If you’re making a larger gift purchase — perhaps a new TV, laptop or smartphone — using your credit card instead of debit or cash has its benefits.

Sign-up Bonuses: If you have a card that’s eligible for a sign-up bonus, putting several purchases of a few hundred dollars each on your card can mean hitting the bonus criteria in a short period of time, if not instantly.

Earning a credit card sign-up bonus is usually very simple: Spend a certain amount of money on the card within an allotted time period and you’ll earn a bonus (either in cash or points). Some cards have a required spend of several thousand dollars within the first few months of card ownership but, if the bonus criteria is met, you’ll receive a few hundred dollars back, which can be used to offset the cost of holiday spending.

Whether you’re buying furniture, electronics or a new pair of boots, grouping purchases together on the same card should make hitting your bonus threshold a breeze. Just be sure to review the specific terms of the bonus before you use the card.

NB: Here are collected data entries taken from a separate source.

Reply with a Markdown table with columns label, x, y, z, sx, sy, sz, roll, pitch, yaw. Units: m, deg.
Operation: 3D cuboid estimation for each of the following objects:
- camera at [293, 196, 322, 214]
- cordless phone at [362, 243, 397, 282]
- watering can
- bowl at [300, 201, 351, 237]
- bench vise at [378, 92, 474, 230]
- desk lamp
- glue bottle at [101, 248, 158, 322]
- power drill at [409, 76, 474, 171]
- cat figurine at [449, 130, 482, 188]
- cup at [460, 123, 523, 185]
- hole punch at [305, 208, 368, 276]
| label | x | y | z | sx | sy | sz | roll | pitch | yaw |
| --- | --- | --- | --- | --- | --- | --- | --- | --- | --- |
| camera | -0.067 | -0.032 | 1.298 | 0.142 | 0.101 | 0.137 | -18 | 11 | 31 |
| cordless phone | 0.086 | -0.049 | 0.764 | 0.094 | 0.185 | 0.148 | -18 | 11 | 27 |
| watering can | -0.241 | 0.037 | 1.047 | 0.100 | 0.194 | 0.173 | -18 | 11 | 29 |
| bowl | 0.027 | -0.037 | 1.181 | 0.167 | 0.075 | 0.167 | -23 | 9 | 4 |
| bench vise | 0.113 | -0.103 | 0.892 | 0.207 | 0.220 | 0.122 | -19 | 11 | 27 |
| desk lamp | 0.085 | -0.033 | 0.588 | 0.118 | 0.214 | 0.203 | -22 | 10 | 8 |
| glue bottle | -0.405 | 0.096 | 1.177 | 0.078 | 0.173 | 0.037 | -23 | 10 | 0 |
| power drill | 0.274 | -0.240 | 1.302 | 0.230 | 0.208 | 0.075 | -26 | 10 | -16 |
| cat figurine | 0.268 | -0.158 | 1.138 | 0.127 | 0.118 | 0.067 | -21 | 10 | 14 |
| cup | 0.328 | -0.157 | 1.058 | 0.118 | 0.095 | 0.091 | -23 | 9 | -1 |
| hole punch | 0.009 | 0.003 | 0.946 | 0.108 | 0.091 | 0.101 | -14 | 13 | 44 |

Promotional APRs: Another reason to use a credit card for large purchases is the option to finance. There are a handful of cards available that offer promotional 0% APRs, which allow cardholders to pay for their purchases over time without accruing interest during the promotional period. These credit cards are especially useful for larger purchases where you might not have the cash available to pay it all up front.

If, for example, you’d like to buy an expensive gift now and you know you’ll be receiving a salary bonus a few months down the road, using a card with a temporary interest-free period can allow you to buy now and pay later without incurring interest charges. Just be sure to make at least the minimum monthly payment on your statement. Otherwise, your issuer may start charging interest and penalties.

Added Protections: Most credit cards come with added warranties, price protections, and return policies. Though not as glamorous as sign-up bonuses, these added protections may get you out of a jam when that boombox doesn’t sound as good as it did in the store or the Burberry coat doesn’t fit its recipient.

Travel

Plenty of cards earn additional points when used for planes, trains and rental cars — others even earn on things like cruises, amusement parks, taxis and more. If you’re planning on surprising the family with a trip this holiday season — or maybe you’re traveling for the holidays — booking with the right credit card will earn you points and save you money on future travel.

An important consideration when picking a travel card is finding one that matches up with your specific habits. If you most frequently stay at one hotel chain or fly one specific airline, you may want to consider a carrier’s co-branded credit card to earn the most points. If you’re not loyal to one brand, a general travel card will allow you to earn a flat rate on many forms of travel.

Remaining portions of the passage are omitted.